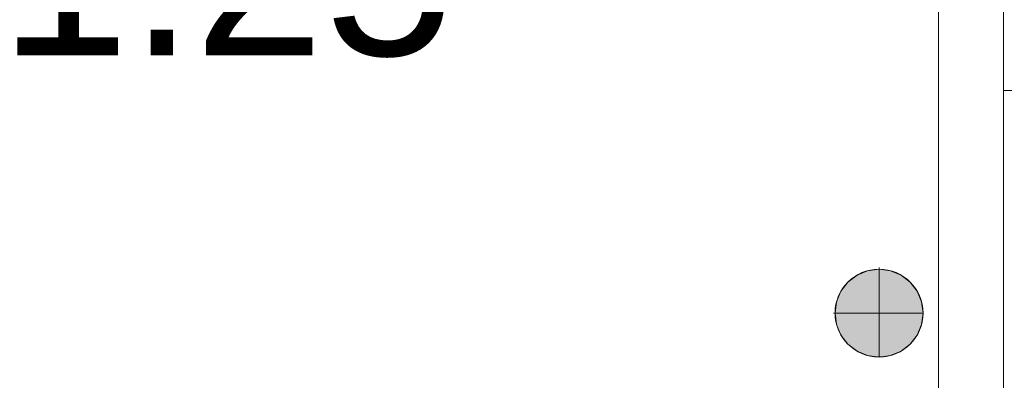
# Model space of a CAD drawing. Header units: inches. Extents: x 15 to 546804, y -66 to 267312.
# Tile 70 of 256: x 446560 to 451385, y 39706 to 41476. Entities that reach past the tile are written whole.
import ezdxf

# ---------------------------------------------------------------- set-up
doc = ezdxf.new("R2010")
doc.units = ezdxf.units.IN
doc.header["$MEASUREMENT"] = 0
doc.layers.add('Binnenwanden', color=2, linetype='Continuous')
doc.styles.add('style1', font='arial.ttf', dxfattribs={"height": 250})

msp = doc.modelspace()

# ---------------------------------------------------------------- hatches: boundary and pattern name
at = {"lineweight": 20}
h = msp.add_hatch(color=7, dxfattribs=at)
h.dxf.hatch_style = 1
h.paths.add_polyline_path([(450986.4, 40035.9, 1), (450555.6, 40035.9, 1)])

# ---------------------------------------------------------------- linework, layer by layer
at = {"color": 7, "lineweight": 20}
for p, q in [((451062.6, 44674.5, -2559.5), (451062.6, 25037.8, -2559.5)), ((451062.6, 44674.5, 1940.5), (451062.6, 25037.8, 1940.5)), ((451380.6, 44674.5, -2559.5), (451380.6, 25037.8, -2559.5)), ((451380.6, 44674.5, 1940.5), (451380.6, 25037.8, 1940.5)), ((451380.6, 41647.8, 300), (451380.6, 25037.8, 300)), ((451380.6, 41647.8), (451380.6, 25037.8)), ((456178.6, 41127.8, 0), (451380.6, 41127.8, 0)), ((450715.2, 40244, 0), (450715.2, 40244, 7000)), ((450771, 40258.9, 0), (450771, 40251.3, 0)), ((450771, 40251.3, 0), (450771, 40251.3, 7000)), ((450771, 40251.3, 0), (450771, 39820.4, 0)), ((450826.8, 40244, 0), (450826.8, 40244, 7000)), ((450663.3, 40222.4, 0), (450663.3, 40222.4, 7000)), ((450878.7, 40222.4, 0), (450878.7, 40222.4, 7000)), ((450584.4, 40143.6, 0), (450584.4, 40143.6, 7000)), ((450618.7, 40188.2, 0), (450618.7, 40188.2, 7000)), ((450923.3, 40188.2, 0), (450923.3, 40188.2, 7000)), ((450957.6, 40143.6, 0), (450957.6, 40143.6, 7000)), ((450562.9, 40091.6, 0), (450562.9, 40091.6, 7000)), ((450979.1, 40091.6, 0), (450979.1, 40091.6, 7000)), ((450548, 40035.9, 0), (450555.6, 40035.9, 0)), ((450555.6, 40035.9, 0), (450555.6, 40035.9, 7000)), ((450555.6, 40035.9, 0), (450986.4, 40035.9, 0)), ((450986.4, 40035.9, 0), (450986.4, 40035.9, 7000)), ((450562.9, 39980.1, 0), (450562.9, 39980.1, 7000)), ((450979.1, 39980.1, 0), (450979.1, 39980.1, 7000)), ((450584.4, 39928.2, 0), (450584.4, 39928.2, 7000)), ((450957.6, 39928.2, 0), (450957.6, 39928.2, 7000)), ((450618.7, 39883.5, 0), (450618.7, 39883.5, 7000)), ((450923.3, 39883.5, 0), (450923.3, 39883.5, 7000)), ((450663.3, 39849.3, 0), (450663.3, 39849.3, 7000)), ((450715.2, 39827.8, 0), (450715.2, 39827.8, 7000)), ((450771, 39820.4, 0), (450771, 39820.4, 7000)), ((450826.8, 39827.8, 0), (450826.8, 39827.8, 7000)), ((450878.7, 39849.3, 0), (450878.7, 39849.3, 7000))]:
    msp.add_line(p, q, dxfattribs=at)
for centre in [(450771, 40035.9, 7000), (450771, 40035.9, 0)]:
    msp.add_circle(centre, 215.4, dxfattribs=at)
for points, invisible_edges in [([(451062.6, 25037.8, -2559.5), (451380.6, 44674.5, -2559.5), (451380.6, 25037.8, -2559.5)], 1), ([(451380.6, 44674.5, -2559.5), (451062.6, 25037.8, -2559.5), (451062.6, 44674.5, -2559.5)], 1), ([(451062.6, 44674.5, 1940.5), (451380.6, 25037.8, 1940.5), (451380.6, 44674.5, 1940.5)], 1), ([(451380.6, 25037.8, 1940.5), (451062.6, 44674.5, 1940.5), (451062.6, 25037.8, 1940.5)], 1), ([(451062.6, 43837.8, -1083), (451062.6, 44674.5, -2559.5), (451062.6, 25037.8, -2559.5)], 13), ([(451062.6, 44674.5, 1940.5), (451062.6, 43837.8, 472.6), (451062.6, 25037.8, 1940.5)], 3), ([(451380.6, 43837.8, 472.6), (451380.6, 44674.5, 1940.5), (451380.6, 25037.8, 1940.5)], 13), ([(451380.6, 44674.5, -2559.5), (451380.6, 43837.8, -1083), (451380.6, 25037.8, -2559.5)], 3), ([(451062.6, 43837.8, -1083), (451062.6, 25037.8, -2559.5), (451062.6, 41497.8, -1083)], 3), ([(451062.6, 25037.8, 1940.5), (451062.6, 43837.8, 472.6), (451062.6, 41497.8, 472.6)], 13), ([(451380.6, 43837.8, 472.6), (451380.6, 25037.8, 1940.5), (451380.6, 41497.8, 472.6)], 3), ([(451380.6, 25037.8, -2559.5), (451380.6, 43837.8, -1083), (451380.6, 41497.8, -1083)], 13), ([(451380.6, 41647.8), (451380.6, 25037.8, 300), (451380.6, 25037.8)], 1), ([(451380.6, 25037.8, 300), (451380.6, 41647.8), (451380.6, 41647.8, 300)], 1), ([(451062.6, 41497.8, -1083), (451062.6, 38997.8, -1083), (451062.6, 41497.8, 472.6)], 3), ([(451062.6, 38997.8, 487), (451062.6, 41497.8, 472.6), (451062.6, 38997.8, -1083)], 3), ([(451380.6, 41497.8, 472.6), (451380.6, 38997.8, 487), (451380.6, 41497.8, -1083)], 3), ([(451380.6, 38997.8, -1083), (451380.6, 41497.8, -1083), (451380.6, 38997.8, 487)], 3), ([(450663.3, 40222.4, 7000), (450715.2, 40244, 0), (450663.3, 40222.4, 0)], 1), ([(450715.2, 40244, 0), (450663.3, 40222.4, 7000), (450715.2, 40244, 7000)], 1), ([(450663.3, 39849.3, 0), (450663.3, 40222.4, 0), (450715.2, 40244, 0)], 13), ([(450663.3, 39849.3, 0), (450715.2, 40244, 0), (450715.2, 39827.8, 0)], 3), ([(450663.3, 40222.4, 7000), (450715.2, 39827.8, 7000), (450715.2, 40244, 7000)], 3), ([(450715.2, 40244, 7000), (450771, 40251.3, 0), (450715.2, 40244, 0)], 1), ([(450771, 40251.3, 0), (450715.2, 40244, 7000), (450771, 40251.3, 7000)], 1), ([(450715.2, 39827.8, 0), (450715.2, 40244, 0), (450771, 40251.3, 0)], 13), ([(450715.2, 39827.8, 0), (450771, 40251.3, 0), (450771, 39820.4, 0)], 3), ([(450715.2, 40244, 7000), (450771, 39820.4, 7000), (450771, 40251.3, 7000)], 3), ([(450715.2, 40244, 7000), (450715.2, 39827.8, 7000), (450771, 39820.4, 7000)], 13), ([(450771, 40251.3, 7000), (450826.8, 40244, 0), (450771, 40251.3, 0)], 1), ([(450826.8, 40244, 0), (450771, 40251.3, 7000), (450826.8, 40244, 7000)], 1), ([(450771, 39820.4, 0), (450771, 40251.3, 0), (450826.8, 40244, 0)], 13), ([(450771, 40251.3, 7000), (450771, 39820.4, 7000), (450826.8, 39827.8, 7000)], 13), ([(450771, 40251.3, 7000), (450826.8, 39827.8, 7000), (450826.8, 40244, 7000)], 3), ([(450771, 39820.4, 0), (450826.8, 40244, 0), (450826.8, 39827.8, 0)], 3), ([(450826.8, 40244, 7000), (450878.7, 40222.4, 0), (450826.8, 40244, 0)], 1), ([(450878.7, 40222.4, 0), (450826.8, 40244, 7000), (450878.7, 40222.4, 7000)], 1), ([(450826.8, 39827.8, 0), (450826.8, 40244, 0), (450878.7, 40222.4, 0)], 13), ([(450826.8, 40244, 7000), (450826.8, 39827.8, 7000), (450878.7, 39849.3, 7000)], 13), ([(450826.8, 40244, 7000), (450878.7, 39849.3, 7000), (450878.7, 40222.4, 7000)], 3), ([(450618.7, 39883.5, 0), (450618.7, 40188.2, 0), (450663.3, 40222.4, 0)], 13), ([(450618.7, 39883.5, 0), (450663.3, 40222.4, 0), (450663.3, 39849.3, 0)], 3), ([(450618.7, 40188.2, 7000), (450663.3, 40222.4, 0), (450618.7, 40188.2, 0)], 1), ([(450663.3, 40222.4, 0), (450618.7, 40188.2, 7000), (450663.3, 40222.4, 7000)], 1), ([(450618.7, 40188.2, 7000), (450663.3, 39849.3, 7000), (450663.3, 40222.4, 7000)], 3), ([(450663.3, 40222.4, 7000), (450663.3, 39849.3, 7000), (450715.2, 39827.8, 7000)], 13), ([(450826.8, 39827.8, 0), (450878.7, 40222.4, 0), (450878.7, 39849.3, 0)], 3), ([(450878.7, 40222.4, 7000), (450923.3, 40188.2, 0), (450878.7, 40222.4, 0)], 1), ([(450923.3, 40188.2, 0), (450878.7, 40222.4, 7000), (450923.3, 40188.2, 7000)], 1), ([(450878.7, 39849.3, 0), (450878.7, 40222.4, 0), (450923.3, 40188.2, 0)], 13), ([(450878.7, 40222.4, 7000), (450878.7, 39849.3, 7000), (450923.3, 39883.5, 7000)], 13), ([(450878.7, 40222.4, 7000), (450923.3, 39883.5, 7000), (450923.3, 40188.2, 7000)], 3), ([(450562.9, 39980.1, 0), (450562.9, 40091.6, 0), (450584.4, 40143.6, 0)], 13), ([(450562.9, 39980.1, 0), (450584.4, 40143.6, 0), (450584.4, 39928.2, 0)], 3), ([(450584.4, 40143.6, 7000), (450562.9, 40091.6, 0), (450562.9, 40091.6, 7000)], 1), ([(450562.9, 40091.6, 0), (450584.4, 40143.6, 7000), (450584.4, 40143.6, 0)], 1), ([(450562.9, 40091.6, 7000), (450584.4, 39928.2, 7000), (450584.4, 40143.6, 7000)], 3), ([(450584.4, 39928.2, 0), (450584.4, 40143.6, 0), (450618.7, 40188.2, 0)], 13), ([(450584.4, 39928.2, 0), (450618.7, 40188.2, 0), (450618.7, 39883.5, 0)], 3), ([(450618.7, 40188.2, 7000), (450584.4, 40143.6, 0), (450584.4, 40143.6, 7000)], 1), ([(450584.4, 40143.6, 0), (450618.7, 40188.2, 7000), (450618.7, 40188.2, 0)], 1), ([(450584.4, 40143.6, 7000), (450618.7, 39883.5, 7000), (450618.7, 40188.2, 7000)], 3), ([(450584.4, 40143.6, 7000), (450584.4, 39928.2, 7000), (450618.7, 39883.5, 7000)], 13), ([(450618.7, 40188.2, 7000), (450618.7, 39883.5, 7000), (450663.3, 39849.3, 7000)], 13), ([(450878.7, 39849.3, 0), (450923.3, 40188.2, 0), (450923.3, 39883.5, 0)], 3), ([(450923.3, 40188.2, 0), (450957.6, 40143.6, 7000), (450957.6, 40143.6, 0)], 1), ([(450957.6, 40143.6, 7000), (450923.3, 40188.2, 0), (450923.3, 40188.2, 7000)], 1), ([(450923.3, 39883.5, 0), (450923.3, 40188.2, 0), (450957.6, 40143.6, 0)], 13), ([(450923.3, 40188.2, 7000), (450923.3, 39883.5, 7000), (450957.6, 39928.2, 7000)], 13), ([(450923.3, 40188.2, 7000), (450957.6, 39928.2, 7000), (450957.6, 40143.6, 7000)], 3), ([(450923.3, 39883.5, 0), (450957.6, 40143.6, 0), (450957.6, 39928.2, 0)], 3), ([(450957.6, 40143.6, 0), (450979.1, 40091.6, 7000), (450979.1, 40091.6, 0)], 1), ([(450979.1, 40091.6, 7000), (450957.6, 40143.6, 0), (450957.6, 40143.6, 7000)], 1), ([(450957.6, 39928.2, 0), (450957.6, 40143.6, 0), (450979.1, 40091.6, 0)], 13), ([(450957.6, 40143.6, 7000), (450957.6, 39928.2, 7000), (450979.1, 39980.1, 7000)], 13), ([(450957.6, 40143.6, 7000), (450979.1, 39980.1, 7000), (450979.1, 40091.6, 7000)], 3), ([(450562.9, 40091.6, 0), (450562.9, 39980.1, 0), (450555.6, 40035.9, 0)], 1), ([(450562.9, 40091.6, 7000), (450555.6, 40035.9, 0), (450555.6, 40035.9, 7000)], 1), ([(450555.6, 40035.9, 0), (450562.9, 40091.6, 7000), (450562.9, 40091.6, 0)], 1), ([(450562.9, 39980.1, 7000), (450562.9, 40091.6, 7000), (450555.6, 40035.9, 7000)], 1), ([(450562.9, 40091.6, 7000), (450562.9, 39980.1, 7000), (450584.4, 39928.2, 7000)], 13), ([(450957.6, 39928.2, 0), (450979.1, 40091.6, 0), (450979.1, 39980.1, 0)], 3), ([(450979.1, 40091.6, 0), (450986.4, 40035.9, 7000), (450986.4, 40035.9, 0)], 1), ([(450986.4, 40035.9, 7000), (450979.1, 40091.6, 0), (450979.1, 40091.6, 7000)], 1), ([(450979.1, 39980.1, 0), (450979.1, 40091.6, 0), (450986.4, 40035.9, 0)], 1), ([(450979.1, 40091.6, 7000), (450979.1, 39980.1, 7000), (450986.4, 40035.9, 7000)], 1), ([(450555.6, 40035.9, 7000), (450562.9, 39980.1, 0), (450562.9, 39980.1, 7000)], 1), ([(450562.9, 39980.1, 0), (450555.6, 40035.9, 7000), (450555.6, 40035.9, 0)], 1), ([(450986.4, 40035.9, 0), (450979.1, 39980.1, 7000), (450979.1, 39980.1, 0)], 1), ([(450979.1, 39980.1, 7000), (450986.4, 40035.9, 0), (450986.4, 40035.9, 7000)], 1), ([(450562.9, 39980.1, 7000), (450584.4, 39928.2, 0), (450584.4, 39928.2, 7000)], 1), ([(450584.4, 39928.2, 0), (450562.9, 39980.1, 7000), (450562.9, 39980.1, 0)], 1), ([(450979.1, 39980.1, 0), (450957.6, 39928.2, 7000), (450957.6, 39928.2, 0)], 1), ([(450957.6, 39928.2, 7000), (450979.1, 39980.1, 0), (450979.1, 39980.1, 7000)], 1), ([(450584.4, 39928.2, 7000), (450618.7, 39883.5, 0), (450618.7, 39883.5, 7000)], 1), ([(450618.7, 39883.5, 0), (450584.4, 39928.2, 7000), (450584.4, 39928.2, 0)], 1), ([(450957.6, 39928.2, 0), (450923.3, 39883.5, 7000), (450923.3, 39883.5, 0)], 1), ([(450923.3, 39883.5, 7000), (450957.6, 39928.2, 0), (450957.6, 39928.2, 7000)], 1), ([(450663.3, 39849.3, 7000), (450618.7, 39883.5, 0), (450663.3, 39849.3, 0)], 1), ([(450618.7, 39883.5, 0), (450663.3, 39849.3, 7000), (450618.7, 39883.5, 7000)], 1), ([(450923.3, 39883.5, 7000), (450878.7, 39849.3, 0), (450923.3, 39883.5, 0)], 1), ([(450878.7, 39849.3, 0), (450923.3, 39883.5, 7000), (450878.7, 39849.3, 7000)], 1), ([(450715.2, 39827.8, 7000), (450663.3, 39849.3, 0), (450715.2, 39827.8, 0)], 1), ([(450663.3, 39849.3, 0), (450715.2, 39827.8, 7000), (450663.3, 39849.3, 7000)], 1), ([(450771, 39820.4, 7000), (450715.2, 39827.8, 0), (450771, 39820.4, 0)], 1), ([(450715.2, 39827.8, 0), (450771, 39820.4, 7000), (450715.2, 39827.8, 7000)], 1), ([(450826.8, 39827.8, 7000), (450771, 39820.4, 0), (450826.8, 39827.8, 0)], 1), ([(450771, 39820.4, 0), (450826.8, 39827.8, 7000), (450771, 39820.4, 7000)], 1), ([(450878.7, 39849.3, 7000), (450826.8, 39827.8, 0), (450878.7, 39849.3, 0)], 1), ([(450826.8, 39827.8, 0), (450878.7, 39849.3, 7000), (450826.8, 39827.8, 7000)], 1)]:
    msp.add_3dface(points, dxfattribs=dict(at, invisible_edges=invisible_edges))

# ---------------------------------------------------------------- texts
at = {"layer": 'Binnenwanden', "color": 7, "linetype": 'Continuous', "style": 'style1'}
msp.add_text('1.25', height=819, dxfattribs=at).set_placement((446461.9, 41299.8, -150))

doc.saveas('drawing.dxf')
══════════
• **Problem to work on**
In the data above, which lines lie between the line with "h.dxf.hatch_style = 1" and the line with "for p, q in", inclusive? Print those lines exactly and nothing else.

• **Response to the exercise**
h.dxf.hatch_style = 1
h.paths.add_polyline_path([(450986.4, 40035.9, 1), (450555.6, 40035.9, 1)])

# ---------------------------------------------------------------- linework, layer by layer
at = {"color": 7, "lineweight": 20}
for p, q in [((451062.6, 44674.5, -2559.5), (451062.6, 25037.8, -2559.5)), ((451062.6, 44674.5, 1940.5), (451062.6, 25037.8, 1940.5)), ((451380.6, 44674.5, -2559.5), (451380.6, 25037.8, -2559.5)), ((451380.6, 44674.5, 1940.5), (451380.6, 25037.8, 1940.5)), ((451380.6, 41647.8, 300), (451380.6, 25037.8, 300)), ((451380.6, 41647.8), (451380.6, 25037.8)), ((456178.6, 41127.8, 0), (451380.6, 41127.8, 0)), ((450715.2, 40244, 0), (450715.2, 40244, 7000)), ((450771, 40258.9, 0), (450771, 40251.3, 0)), ((450771, 40251.3, 0), (450771, 40251.3, 7000)), ((450771, 40251.3, 0), (450771, 39820.4, 0)), ((450826.8, 40244, 0), (450826.8, 40244, 7000)), ((450663.3, 40222.4, 0), (450663.3, 40222.4, 7000)), ((450878.7, 40222.4, 0), (450878.7, 40222.4, 7000)), ((450584.4, 40143.6, 0), (450584.4, 40143.6, 7000)), ((450618.7, 40188.2, 0), (450618.7, 40188.2, 7000)), ((450923.3, 40188.2, 0), (450923.3, 40188.2, 7000)), ((450957.6, 40143.6, 0), (450957.6, 40143.6, 7000)), ((450562.9, 40091.6, 0), (450562.9, 40091.6, 7000)), ((450979.1, 40091.6, 0), (450979.1, 40091.6, 7000)), ((450548, 40035.9, 0), (450555.6, 40035.9, 0)), ((450555.6, 40035.9, 0), (450555.6, 40035.9, 7000)), ((450555.6, 40035.9, 0), (450986.4, 40035.9, 0)), ((450986.4, 40035.9, 0), (450986.4, 40035.9, 7000)), ((450562.9, 39980.1, 0), (450562.9, 39980.1, 7000)), ((450979.1, 39980.1, 0), (450979.1, 39980.1, 7000)), ((450584.4, 39928.2, 0), (450584.4, 39928.2, 7000)), ((450957.6, 39928.2, 0), (450957.6, 39928.2, 7000)), ((450618.7, 39883.5, 0), (450618.7, 39883.5, 7000)), ((450923.3, 39883.5, 0), (450923.3, 39883.5, 7000)), ((450663.3, 39849.3, 0), (450663.3, 39849.3, 7000)), ((450715.2, 39827.8, 0), (450715.2, 39827.8, 7000)), ((450771, 39820.4, 0), (450771, 39820.4, 7000)), ((450826.8, 39827.8, 0), (450826.8, 39827.8, 7000)), ((450878.7, 39849.3, 0), (450878.7, 39849.3, 7000))]:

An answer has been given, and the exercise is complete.